Tsuji Yasuhiro, Holford Nicholas H G, Kasai Hidefumi, Ogami Chika, Heo Young-A, Higashi Yoshitsugu, Mizoguchi Akiko, To Hideto, Yamamoto Yoshihiro
Department of Medical Pharmaceutics, Faculty of Pharmaceutical Sciences, University of Toyama, Toyama, Japan.
Department of Pharmacology and Clinical Pharmacology, University of Auckland, Auckland, New Zealand.
Br J Clin Pharmacol. 2017 Aug;83(8):1758-1772. doi: 10.1111/bcp.13262. Epub 2017 Mar 31.
Thrombocytopenia is among the most important adverse effects of linezolid treatment. Linezolid-induced thrombocytopenia incidence varies considerably but has been associated with impaired renal function. We investigated the pharmacodynamic mechanism (myelosuppression or enhanced platelet destruction) and the role of impaired renal function (RF) in the development of thrombocytopenia.

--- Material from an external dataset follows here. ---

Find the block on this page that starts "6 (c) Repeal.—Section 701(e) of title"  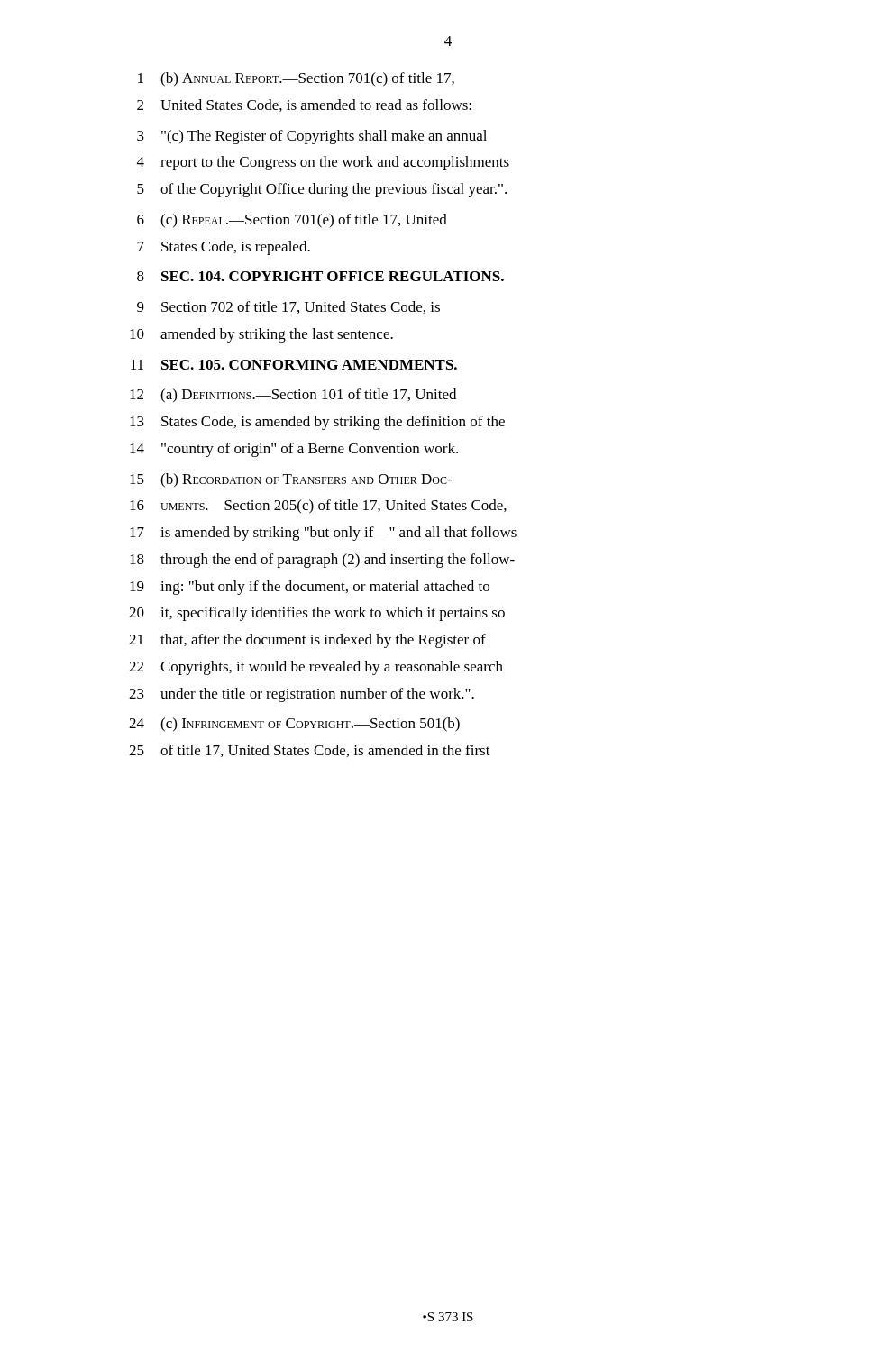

The pharmacokinetics of linezolid were described with a two-compartment distribution model with first-order absorption and elimination. RF was calculated using the expected creatinine clearance. The decrease platelets by linezolid exposure was assumed to occur by one of two mechanisms: inhibition of the formation of platelets (PDI) or stimulation of the elimination (PDS) of platelets.
About 50% of elimination was found to be explained by renal clearance (normal RF). The population mean estimated plasma protein binding of linezolid was 18% [95% confidence interval (CI) 16%, 20%] and was independent of the observed concentrations. The estimated mixture model fraction of patients with a platelet count decreased due to PDI was 0.97 (95% CI 0.87, 1.00), so the fraction due to PDS was 0.03. RF had no influence on linezolid pharmacodynamics.
We have described the influence of weight, renal function, age and plasma protein binding on the pharmacokinetics of linezolid. This combined pharmacokinetic, pharmacodynamic and turnover model identified that the most common mechanism of thrombocytopenia associated with linezolid is PDI. Impaired RF increases thrombocytopenia by a pharmacokinetic mechanism. The linezolid dose should be reduced in RF.
血小板减少是利奈唑胺治疗最重要的不良反应之一。利奈唑胺所致血小板减少的发生率差异很大,但与肾功能受损有关。我们研究了药效学机制(骨髓抑制或血小板破坏增强)以及肾功能受损在血小板减少发生中的作用。
采用具有一级吸收和消除的二室分布模型描述利奈唑胺的药代动力学。使用预期的肌酐清除率计算肾功能。利奈唑胺暴露导致血小板减少被假定通过两种机制之一发生:抑制血小板形成(PDI)或刺激血小板消除(PDS)。
约50%的消除被发现可由肾清除率(正常肾功能)解释。利奈唑胺的群体平均血浆蛋白结合率估计为18%[95%置信区间(CI)16%,20%],且与观察到的浓度无关。因PDI导致血小板计数降低的患者估计混合模型分数为0.97(95%CI 0.87,1.00),因此因PDS导致的分数为0.03。肾功能对利奈唑胺的药效学没有影响。
我们描述了体重、肾功能、年龄和血浆蛋白结合对利奈唑胺药代动力学的影响。这种药代动力学、药效学和周转率联合模型确定,与利奈唑胺相关的血小板减少最常见机制是PDI。肾功能受损通过药代动力学机制增加血小板减少。肾功能受损时应降低利奈唑胺剂量。